It was impossible to ascertain whether The Guv really was dying of gangrene or merely making dark jokes about himself while drinking heavily.
'Come closer, Milton,' he ordered and I walked up to the window. Upon closer scrutiny The Guv looked terribly pale and completely drunk. It was difficult not to laugh at him in his red and yellow striped pyjamas standing on a footstool and peering through the window with a bottle of red wine in each hand. 'Milton, you've met Private Pinotage and Colonel Cabernet?' he said, holding out the wine. He winked at me and out of the side of his mouth whispered, 'I couldn't in all conscience split the platoon.'
I nodded in agreement as The Guv took a swig from Private Pinotage.
'Art Garfunkel, Milton!' he shouted unexpectedly loudly. 'You've bloody grown. Or should I say you've sprouted?' He angled Colonel Cabernet in my direction and said, Just as well, old boy. If you ask me, you were beginning to take on the appearance of a consumptive David Bowie.
I laughed loudly, but The Guv remained deadly serious.
'Between these four walls, I may have picked up a case of the pox from a large nurse in the psychiatric wing.' He pointed Private Pinotage at his nethers and said he planned to go down all guns blazing. By this stage I wasn't sure if he was referring to the nurse, death, wine, or the pox.
I also pondered a possible link between the pox and the VD plague.
When I pushed him for further details about his disease he shouted, 'No bloody comment!' and slammed the window shut.

Wednesday 17th February 2月17日星期三

15:00 Garlic, Boggo and Vern took up residence in the cop shop on account of having apparently received permission from Rambo who was fast asleep in his room with the door locked and a disturb and die sign on his door. It seemed that evicting the non-prefect matrics would be impossible. Fatty made a break for the archives while I attempted to master the googly in the cricket nets.
15:00 Garlic、Boggo 和 Vern 在警察商店居住,因为显然得到了 Rambo 的许可,Rambo 在他的房间里睡着了,门锁着,门上有一个打扰和死亡的标志。似乎不可能驱逐非省长。胖子在档案馆休息了一会儿,而我则试图掌握板球网中的粘液。
17:05 I returned to the house where a deeply impressed Albert Schweitzer was waiting for me.
17:05 我回到房子,印象深刻的Albert Schweitzer正在等我。
'Hey, John,' he said, 'Small & Freckly said you had a telephone call from a girl at ten to four.'
'Thanks,' I replied and made my way to the showers where my stuff had been neatly laid out.
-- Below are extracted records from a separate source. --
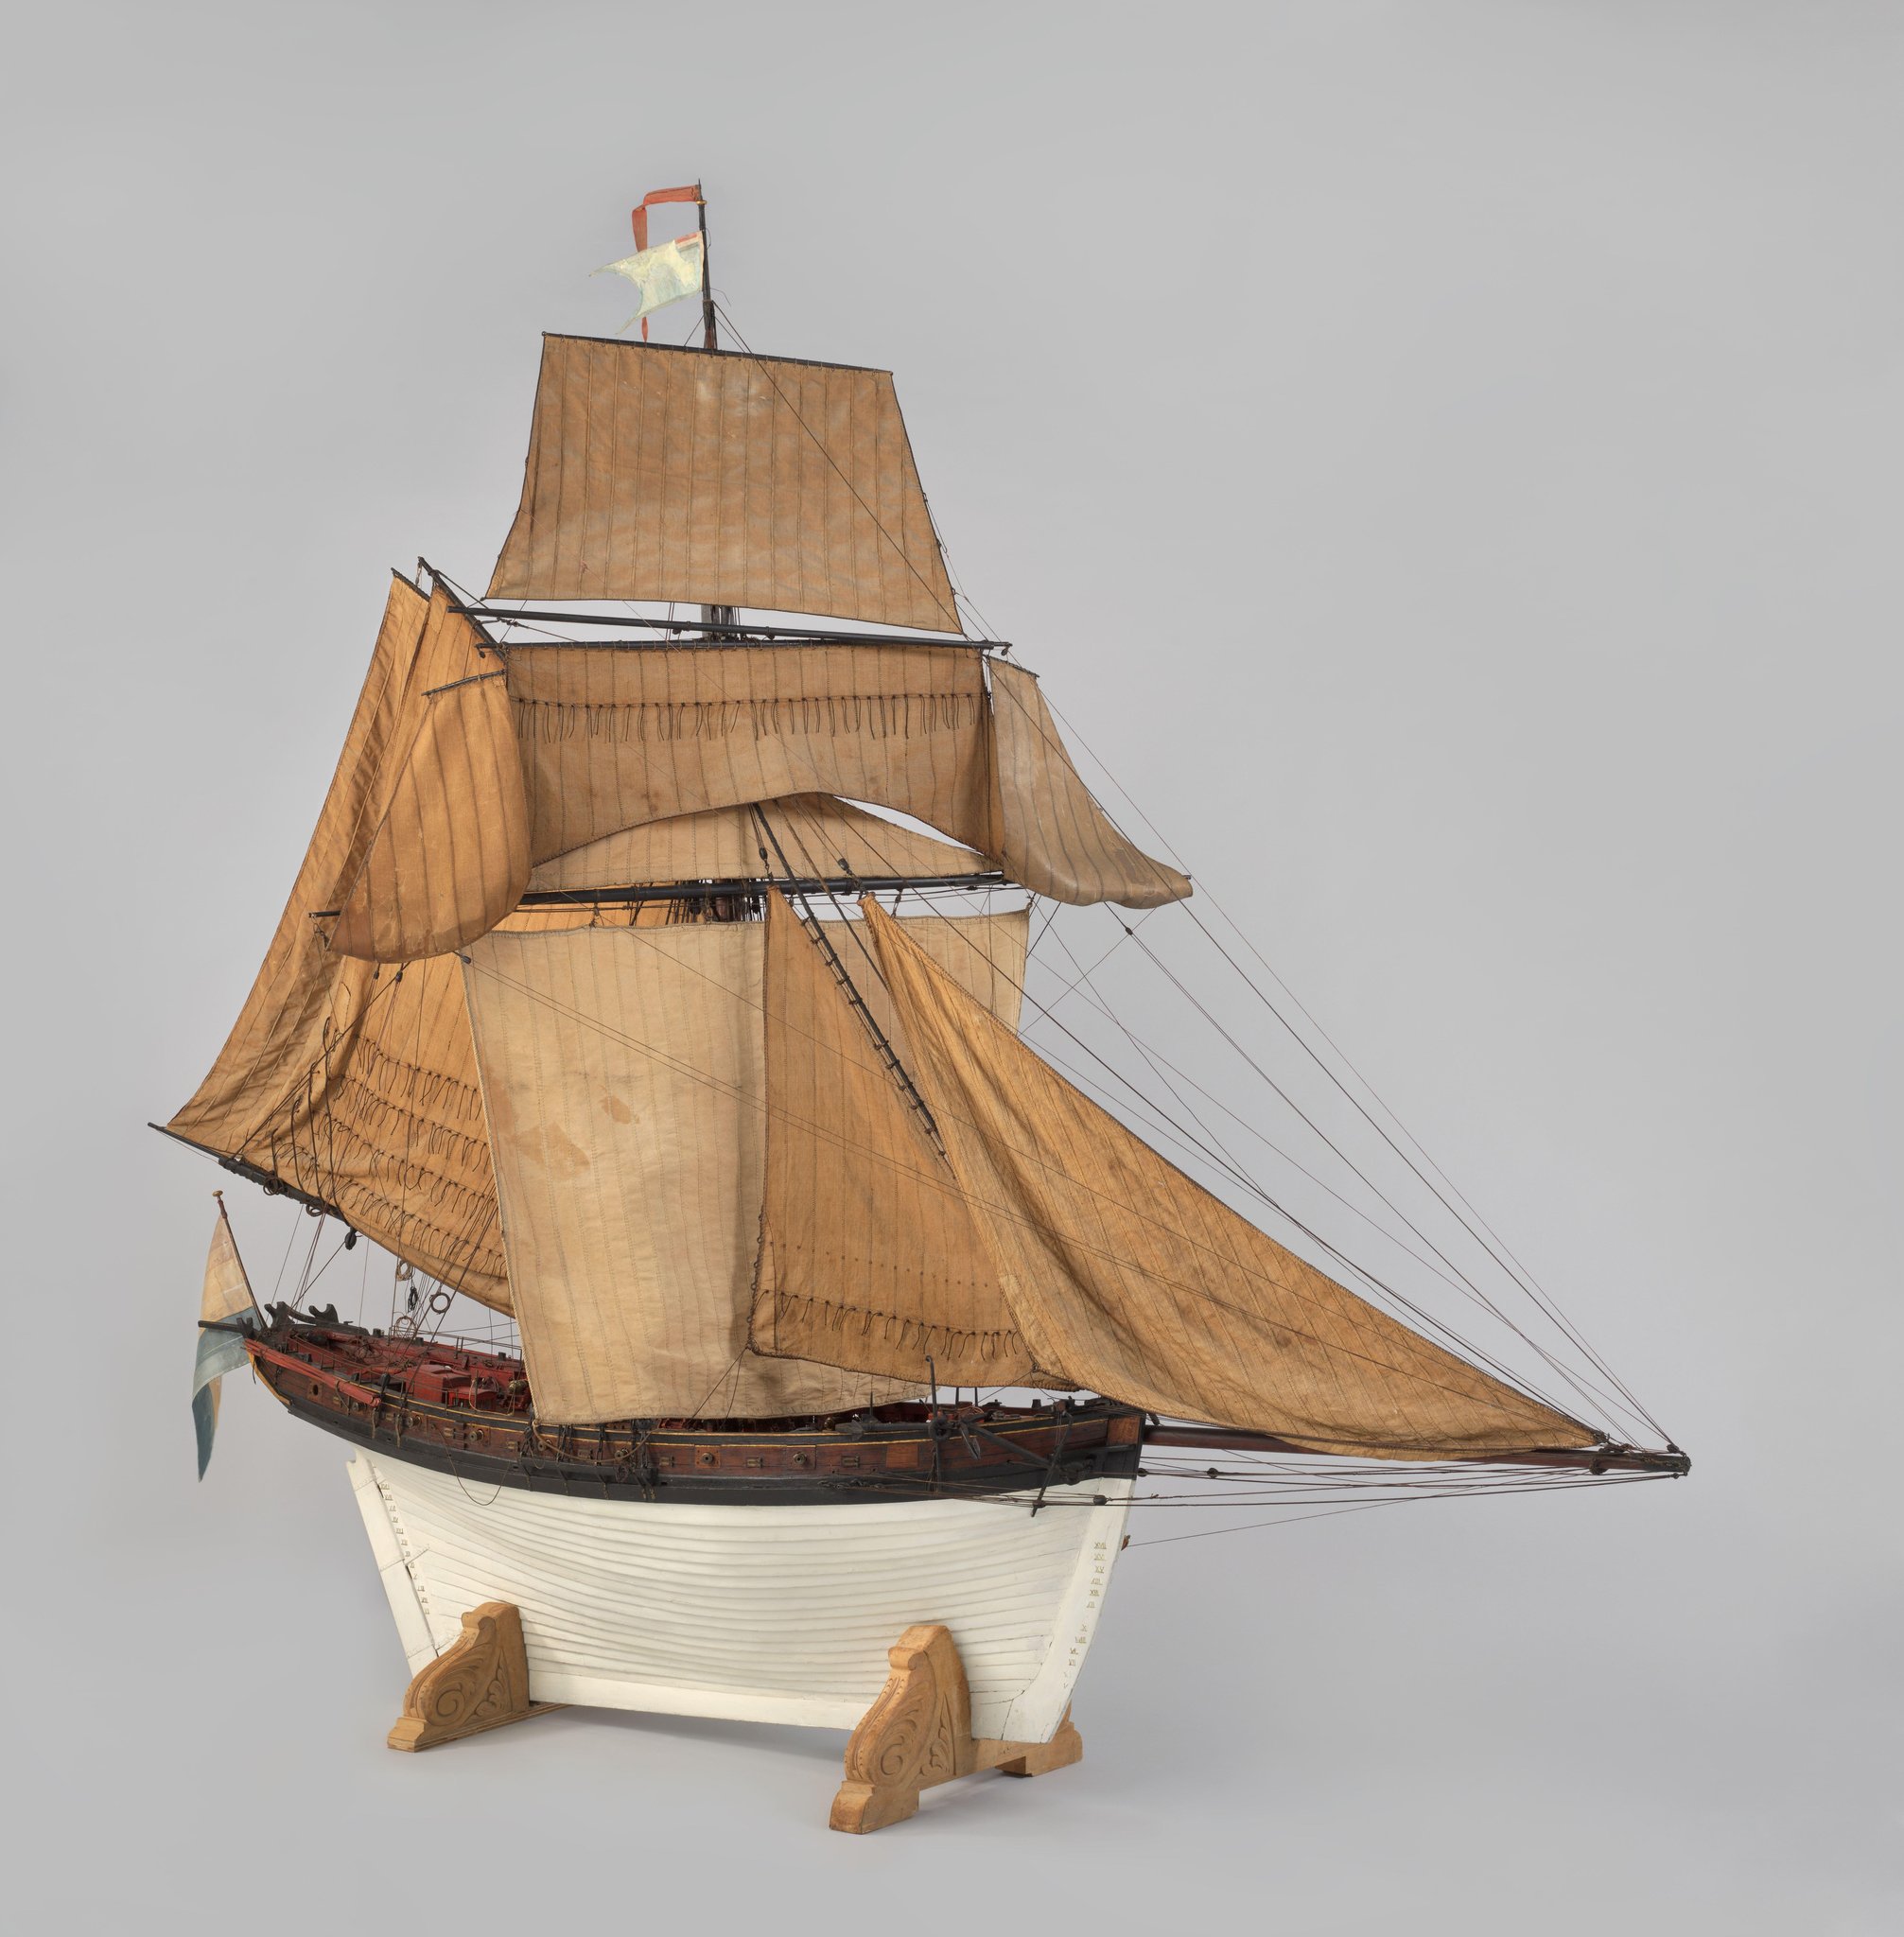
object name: fully rigged model
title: Model of an 18-Gun Cutter
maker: Anonymous
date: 1775-1805
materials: brass, glass, iron, leather, fiber, textile, wood
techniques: polychromy
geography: netherlands
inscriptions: inscription, on the taffrail: ‘VLIEG’
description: Dit model behoorde in 1807 tot de privé-collectie van J.P. Asmus en stond in de modellenzaal op de Marinewerf te Amsterdam. Volgens de beschrijving had het toen nog een sloepje in de davits aan het hek hangen, en een zonnetent over geheel het dek gespannen. Asmus omschreef het model als een voorbeeld van de snelste Engelse kotters.

Albert Schweitzer marched along beside me and had much to report back on.
“谢谢,”我回答说,然后走向淋浴间,那里的东西已经摆放得整整齐齐。阿尔伯特·史怀哲(Albert Schweitzer)在我身边走来走去,有很多事情要报告。
'I've made a list of things you need to stock up on this long weekend. All the usuals - toothpaste, soap, cop shop stuff ...'
'Thanks.' As I was slipping out of my clothes Albert Schweitzer turned his back politely and double-checked the soap bar in the soap box. My clothes had barely hit the floor when he snatched them up and raced off without saying anything further. The showers were all taken but both Plaque and Near Death stepped out when I approached. I nodded my thanks to Plaque and claimed his steaming shower.
“谢谢。”当我溜出衣服时,Albert Schweitzer礼貌地转过身来,仔细检查了肥皂盒里的肥皂条。我的衣服还没掉到地上,他就一把抢过来,一言不发地跑开了。淋浴都洗完了,但当我走近时,Plaque 和 Almost Death 都走了出来。我向普拉克点了点头表示感谢,并领取了他热气腾腾的淋浴。
After a good soaking I dried off and made my way along the passage towards the house door. Out of nowhere Albert Schweitzer appeared and began walking alongside me again, talking at a furious pace.
泡了一身澡后,我擦干了身体,沿着通道向房门走去。阿尔伯特·史怀哲(Albert Schweitzer)突然出现,又开始和我并肩而行,语速狂暴。
'Just spoke to Small & Freckly,' he said. 'The girl on the telephone call didn't leave her name or a message.'
'Thanks,' I replied. “谢谢,”我回答。
'Who do you think it might be, John?' he asked eagerly.
I shrugged and closed the door, leaving my slave looking rather forlorn outside. Inside my heart was thumping at the thought that it might have been her. I allowed the towel to drop and studied my naked body in the long mirror fastened to the inside of the cupboard door. A tad more meat and muscle than before perhaps, but still not much to write home about. A shaft of sunlight slid over the chapel roof and beamed through my window like a light sabre. It was golden and warm and I loved the feel of it across my face. On the bed my khakis had been carefully laid out for dinner, but a part of me resisted putting them on.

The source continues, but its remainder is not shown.